[Data items]
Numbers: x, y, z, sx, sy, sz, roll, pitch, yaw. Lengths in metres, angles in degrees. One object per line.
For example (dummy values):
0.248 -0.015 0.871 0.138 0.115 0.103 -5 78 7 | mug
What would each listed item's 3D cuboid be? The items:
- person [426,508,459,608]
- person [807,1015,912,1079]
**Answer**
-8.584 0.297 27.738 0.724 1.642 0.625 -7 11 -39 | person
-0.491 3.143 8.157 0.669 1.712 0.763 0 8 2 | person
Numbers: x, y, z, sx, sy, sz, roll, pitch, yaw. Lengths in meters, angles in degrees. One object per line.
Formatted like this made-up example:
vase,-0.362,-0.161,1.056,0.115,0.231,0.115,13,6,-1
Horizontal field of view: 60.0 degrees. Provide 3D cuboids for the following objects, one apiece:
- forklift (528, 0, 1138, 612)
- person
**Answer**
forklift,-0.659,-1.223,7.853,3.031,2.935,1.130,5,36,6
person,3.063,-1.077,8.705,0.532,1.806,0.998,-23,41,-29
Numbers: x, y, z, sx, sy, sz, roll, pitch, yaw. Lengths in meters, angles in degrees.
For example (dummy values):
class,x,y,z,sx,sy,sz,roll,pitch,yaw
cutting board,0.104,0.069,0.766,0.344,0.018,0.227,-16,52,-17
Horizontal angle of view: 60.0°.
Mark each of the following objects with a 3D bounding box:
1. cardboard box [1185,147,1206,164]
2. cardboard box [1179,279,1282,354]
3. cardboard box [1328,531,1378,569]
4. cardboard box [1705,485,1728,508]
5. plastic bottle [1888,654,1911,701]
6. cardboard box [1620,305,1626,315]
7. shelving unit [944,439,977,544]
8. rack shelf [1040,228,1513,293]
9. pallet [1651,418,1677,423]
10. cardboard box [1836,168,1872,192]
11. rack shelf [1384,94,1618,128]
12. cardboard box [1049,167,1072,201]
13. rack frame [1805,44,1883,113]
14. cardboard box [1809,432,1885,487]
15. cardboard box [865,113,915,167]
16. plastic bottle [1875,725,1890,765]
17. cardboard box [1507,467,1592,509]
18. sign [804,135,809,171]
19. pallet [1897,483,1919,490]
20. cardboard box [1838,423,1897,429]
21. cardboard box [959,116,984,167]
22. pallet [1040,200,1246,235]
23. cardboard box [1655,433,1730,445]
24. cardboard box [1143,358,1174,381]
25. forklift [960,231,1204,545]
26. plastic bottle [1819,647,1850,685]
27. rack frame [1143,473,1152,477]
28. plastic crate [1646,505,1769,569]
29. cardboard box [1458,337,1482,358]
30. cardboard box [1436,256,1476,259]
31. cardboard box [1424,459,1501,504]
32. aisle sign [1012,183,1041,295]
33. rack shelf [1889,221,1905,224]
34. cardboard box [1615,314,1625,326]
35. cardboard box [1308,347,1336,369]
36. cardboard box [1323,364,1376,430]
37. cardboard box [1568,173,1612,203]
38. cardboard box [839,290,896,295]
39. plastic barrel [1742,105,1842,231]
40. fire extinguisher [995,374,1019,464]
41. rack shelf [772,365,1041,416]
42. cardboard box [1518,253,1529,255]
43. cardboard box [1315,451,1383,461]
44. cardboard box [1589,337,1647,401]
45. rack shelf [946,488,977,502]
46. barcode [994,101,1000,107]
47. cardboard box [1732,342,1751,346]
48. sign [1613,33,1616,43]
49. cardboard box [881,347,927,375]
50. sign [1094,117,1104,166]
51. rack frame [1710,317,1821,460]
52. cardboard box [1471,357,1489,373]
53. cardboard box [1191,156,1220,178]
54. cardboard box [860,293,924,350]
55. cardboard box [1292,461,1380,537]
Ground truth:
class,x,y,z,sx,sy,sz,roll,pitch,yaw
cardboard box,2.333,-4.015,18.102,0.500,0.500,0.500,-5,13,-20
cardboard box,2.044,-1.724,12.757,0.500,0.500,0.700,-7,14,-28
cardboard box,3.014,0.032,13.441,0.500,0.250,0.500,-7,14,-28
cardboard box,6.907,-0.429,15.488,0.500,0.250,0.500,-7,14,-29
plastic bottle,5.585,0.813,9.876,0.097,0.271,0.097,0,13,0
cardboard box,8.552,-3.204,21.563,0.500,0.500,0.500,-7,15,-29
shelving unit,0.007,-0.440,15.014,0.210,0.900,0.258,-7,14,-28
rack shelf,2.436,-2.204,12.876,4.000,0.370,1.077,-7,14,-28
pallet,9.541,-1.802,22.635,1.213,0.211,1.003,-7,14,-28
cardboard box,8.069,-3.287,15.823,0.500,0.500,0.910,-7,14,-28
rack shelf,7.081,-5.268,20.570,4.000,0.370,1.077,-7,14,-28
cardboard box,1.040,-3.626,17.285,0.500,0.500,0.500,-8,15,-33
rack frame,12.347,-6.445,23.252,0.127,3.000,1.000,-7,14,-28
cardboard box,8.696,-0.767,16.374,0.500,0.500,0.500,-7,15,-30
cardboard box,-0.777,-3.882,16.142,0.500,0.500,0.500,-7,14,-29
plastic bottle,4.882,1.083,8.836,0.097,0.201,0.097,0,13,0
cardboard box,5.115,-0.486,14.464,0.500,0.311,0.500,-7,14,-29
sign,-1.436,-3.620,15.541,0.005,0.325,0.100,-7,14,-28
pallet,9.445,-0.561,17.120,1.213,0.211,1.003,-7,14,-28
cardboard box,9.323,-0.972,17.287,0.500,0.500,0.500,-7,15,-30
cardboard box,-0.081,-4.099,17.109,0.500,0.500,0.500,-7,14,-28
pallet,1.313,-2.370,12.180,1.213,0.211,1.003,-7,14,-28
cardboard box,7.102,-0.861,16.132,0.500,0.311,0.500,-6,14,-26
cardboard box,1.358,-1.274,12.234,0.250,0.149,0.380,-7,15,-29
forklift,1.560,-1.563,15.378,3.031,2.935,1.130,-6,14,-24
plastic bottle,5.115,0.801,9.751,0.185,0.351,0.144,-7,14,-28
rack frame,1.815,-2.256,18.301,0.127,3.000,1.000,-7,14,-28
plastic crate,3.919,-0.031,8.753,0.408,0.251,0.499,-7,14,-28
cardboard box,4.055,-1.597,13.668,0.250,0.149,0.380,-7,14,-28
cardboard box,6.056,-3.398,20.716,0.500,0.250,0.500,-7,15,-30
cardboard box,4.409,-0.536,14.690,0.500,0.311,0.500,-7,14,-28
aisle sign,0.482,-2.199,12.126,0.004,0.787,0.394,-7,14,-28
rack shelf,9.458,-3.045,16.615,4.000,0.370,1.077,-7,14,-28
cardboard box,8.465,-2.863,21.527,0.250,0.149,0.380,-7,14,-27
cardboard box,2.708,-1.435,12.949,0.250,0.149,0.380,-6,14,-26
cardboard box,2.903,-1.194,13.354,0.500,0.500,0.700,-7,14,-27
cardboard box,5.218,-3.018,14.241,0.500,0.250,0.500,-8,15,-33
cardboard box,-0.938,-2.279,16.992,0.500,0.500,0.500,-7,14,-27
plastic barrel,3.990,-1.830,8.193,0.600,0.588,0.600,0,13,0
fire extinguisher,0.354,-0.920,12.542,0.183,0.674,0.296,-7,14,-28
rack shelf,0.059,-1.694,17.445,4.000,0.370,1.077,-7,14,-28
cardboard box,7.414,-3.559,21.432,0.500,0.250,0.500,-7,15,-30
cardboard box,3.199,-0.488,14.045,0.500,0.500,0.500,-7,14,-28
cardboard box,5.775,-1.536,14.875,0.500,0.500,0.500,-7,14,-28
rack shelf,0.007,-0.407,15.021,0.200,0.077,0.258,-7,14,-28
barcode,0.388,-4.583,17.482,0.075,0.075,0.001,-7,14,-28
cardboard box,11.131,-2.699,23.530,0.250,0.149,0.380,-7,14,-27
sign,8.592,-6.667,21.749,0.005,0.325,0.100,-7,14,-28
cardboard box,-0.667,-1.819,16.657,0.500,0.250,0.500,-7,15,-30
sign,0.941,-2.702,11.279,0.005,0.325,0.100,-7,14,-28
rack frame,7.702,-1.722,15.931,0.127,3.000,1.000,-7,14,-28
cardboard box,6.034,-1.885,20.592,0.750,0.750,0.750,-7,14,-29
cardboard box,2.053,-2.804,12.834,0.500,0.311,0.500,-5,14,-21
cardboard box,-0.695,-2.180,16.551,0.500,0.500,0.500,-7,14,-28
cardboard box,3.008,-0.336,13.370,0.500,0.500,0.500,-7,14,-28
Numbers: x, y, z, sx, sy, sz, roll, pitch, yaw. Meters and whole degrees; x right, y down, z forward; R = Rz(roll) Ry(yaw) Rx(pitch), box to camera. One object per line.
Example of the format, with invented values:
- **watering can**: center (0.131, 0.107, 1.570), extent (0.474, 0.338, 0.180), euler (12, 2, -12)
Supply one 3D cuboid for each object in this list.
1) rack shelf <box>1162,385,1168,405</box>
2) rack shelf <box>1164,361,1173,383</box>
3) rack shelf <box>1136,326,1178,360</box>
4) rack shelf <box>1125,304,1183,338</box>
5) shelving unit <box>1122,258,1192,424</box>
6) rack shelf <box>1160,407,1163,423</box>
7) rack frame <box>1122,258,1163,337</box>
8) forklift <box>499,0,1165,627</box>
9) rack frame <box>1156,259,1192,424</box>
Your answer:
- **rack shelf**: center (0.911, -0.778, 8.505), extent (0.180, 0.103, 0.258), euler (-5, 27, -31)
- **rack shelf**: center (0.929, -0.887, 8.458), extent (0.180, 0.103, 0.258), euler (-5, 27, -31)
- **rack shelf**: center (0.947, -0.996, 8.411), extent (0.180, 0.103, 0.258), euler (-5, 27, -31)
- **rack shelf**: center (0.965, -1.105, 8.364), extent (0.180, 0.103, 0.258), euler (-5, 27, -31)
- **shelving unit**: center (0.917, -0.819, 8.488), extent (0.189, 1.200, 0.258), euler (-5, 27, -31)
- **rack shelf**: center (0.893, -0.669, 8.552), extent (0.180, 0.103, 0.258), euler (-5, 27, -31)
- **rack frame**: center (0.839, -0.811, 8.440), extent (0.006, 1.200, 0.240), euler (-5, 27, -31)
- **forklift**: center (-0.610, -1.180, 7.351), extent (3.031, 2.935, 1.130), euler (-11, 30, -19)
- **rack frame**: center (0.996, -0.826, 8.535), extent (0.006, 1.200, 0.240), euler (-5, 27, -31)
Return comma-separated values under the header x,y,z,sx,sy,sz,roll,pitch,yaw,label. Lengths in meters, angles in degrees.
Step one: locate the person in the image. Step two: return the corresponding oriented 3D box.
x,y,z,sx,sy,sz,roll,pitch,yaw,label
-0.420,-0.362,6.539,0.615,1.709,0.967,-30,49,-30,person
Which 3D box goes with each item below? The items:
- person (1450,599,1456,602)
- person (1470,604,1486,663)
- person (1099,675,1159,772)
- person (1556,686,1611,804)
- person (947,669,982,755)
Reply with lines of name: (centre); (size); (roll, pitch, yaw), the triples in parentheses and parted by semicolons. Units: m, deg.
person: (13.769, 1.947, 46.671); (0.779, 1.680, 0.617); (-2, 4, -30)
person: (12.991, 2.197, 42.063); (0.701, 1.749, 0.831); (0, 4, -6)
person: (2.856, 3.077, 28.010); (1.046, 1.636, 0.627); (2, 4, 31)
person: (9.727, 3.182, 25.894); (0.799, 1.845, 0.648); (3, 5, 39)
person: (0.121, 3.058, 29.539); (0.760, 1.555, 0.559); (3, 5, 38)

WORK INSTRUCTIONS -> Among the records above, find the lines where the word "view" appears and copy them.

PROBLEM SOLUTION ->
Horizontal field of view: 60.0 degrees. Provide 3D cuboids for the following objects, one apiece:
Horizontal angle of view: 60.0°.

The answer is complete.